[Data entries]
•••••

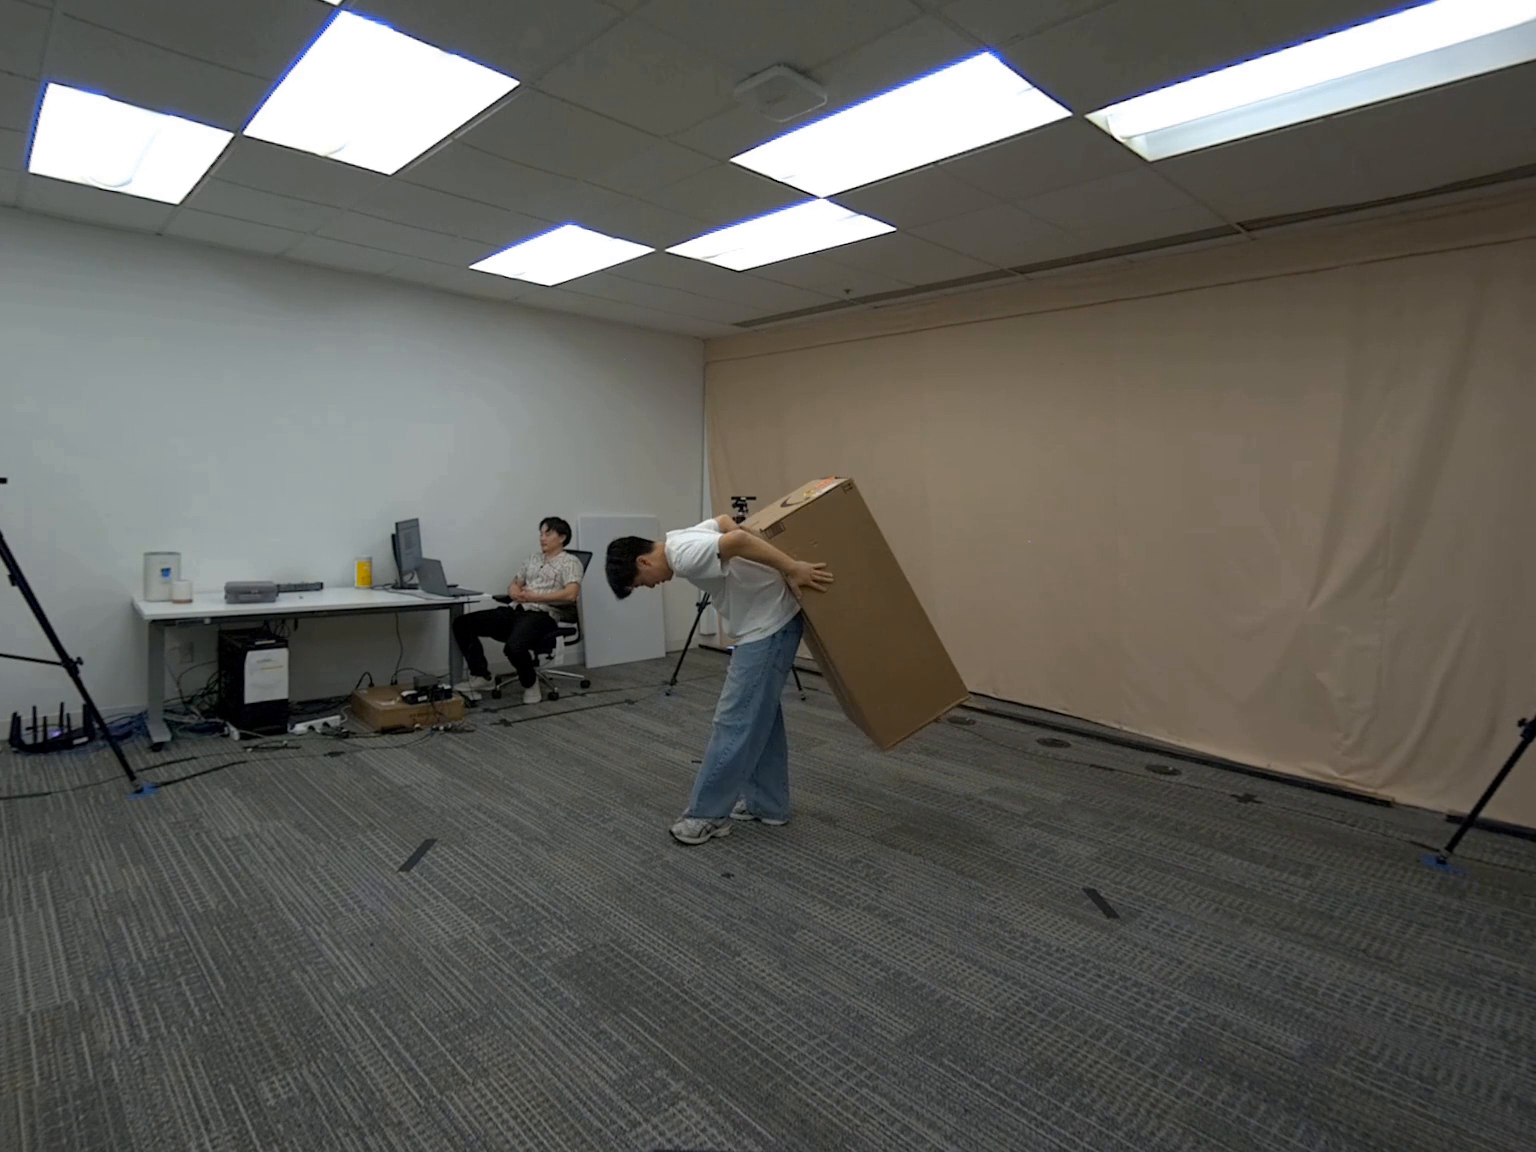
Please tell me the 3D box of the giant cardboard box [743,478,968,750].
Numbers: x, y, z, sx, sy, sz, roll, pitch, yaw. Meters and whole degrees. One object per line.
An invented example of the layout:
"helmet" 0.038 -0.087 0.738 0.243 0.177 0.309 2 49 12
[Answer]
"giant cardboard box" 0.336 0.133 3.588 0.425 1.018 0.583 -30 7 -6

•••••

> _To do_
Each line from the one containing "0.309 2 49 12" to the close of the records must appear in the output exactly, and no other line.

> _The answer_
"helmet" 0.038 -0.087 0.738 0.243 0.177 0.309 2 49 12
[Answer]
"giant cardboard box" 0.336 0.133 3.588 0.425 1.018 0.583 -30 7 -6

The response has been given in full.